Aspose.Words.Document doc1 = new Aspose.Words.Document(@"D:\\FileTest\DRL1.docx");
foreach (Aspose.Words.Section section in doc1.Sections)
{
    if (section.ToString(Aspose.Words.SaveFormat.Text).Trim() == String.Empty)
        section.Remove();
}
String PageText = "";
Aspose.Words.Layout.LayoutCollector lc = new Aspose.Words.Layout.LayoutCollector(doc1);
int pages = lc.GetStartPageIndex(doc1.LastSection.Body.LastParagraph);
for (int i = 1; i <= pages; i++)
{
    ArrayList nodes = GetNodesByPage(i, doc1);
    foreach (Aspose.Words.Paragraph para in nodes)
    {
        PageText += para.ToString(Aspose.Words.SaveFormat.Text).Trim();
    }
    //Empty Page
    if (PageText == "")
    {
        foreach (Aspose.Words.Node node in nodes)
        {
            node.Remove();
        }
    }
    nodes.Clear();
    PageText = "";
}
doc1.Save(@"D:\\FileTest\DRLOut1.docx");

private static ArrayList GetNodesByPage(int page, Aspose.Words.Document document)
{
    ArrayList nodes = new ArrayList();
    Aspose.Words.Layout.LayoutCollector lc = new Aspose.Words.Layout.LayoutCollector(document);
    foreach (Aspose.Words.Paragraph para in document.GetChildNodes(Aspose.Words.NodeType.Paragraph, true))
    {
        if (lc.GetStartPageIndex(para) == page || para.IsEndOfSection)

            nodes.Add(para);
    }

    return nodes;
}

Note: How to remove empty page in document

@thiru1711,

MS Word 2019 reports that there are 16 pages in your “TestEmpty1.docx” Word document.

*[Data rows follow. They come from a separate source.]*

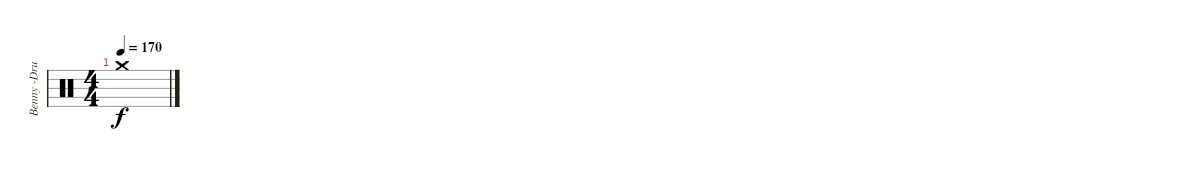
\track ("Benny -Drums" "Benny -Dru") {instrument percussion}
\staff {score}
\articulation defaults
\ts (4 4)
\tempo 170
\clef neutral
\ks c "Crash medium (hit)".1{dy f}

But, when we convert it to PDF by using latest 20.7 version of Aspose.Words for .NET, it produces 15 pages in PDF (see 20.7.pdf (160.4 KB)). The LayoutCollector class belongs to the same Layout engine that Aspose.Words uses to render Word documents to PDF format. So, first we need to fix the problem with PDF and then you should be able to use the same code from my previous post to remove selected Pages.

We have logged the following issues in our bug tracking system.

WORDSNET-20829: Table Rows being pushed to previous Pages in PDF
WORDSNET-20830: Preserve empty page during Word DOCX to PDF Conversion

We will further look into the details of these problems and will keep you updated on the status of corrections. We apologize for your inconvenience.

The issues you have found earlier (filed as WORDSNET-20829,WORDSNET-20830) have been fixed in this Aspose.Words for .NET 22.3 update also available on NuGet.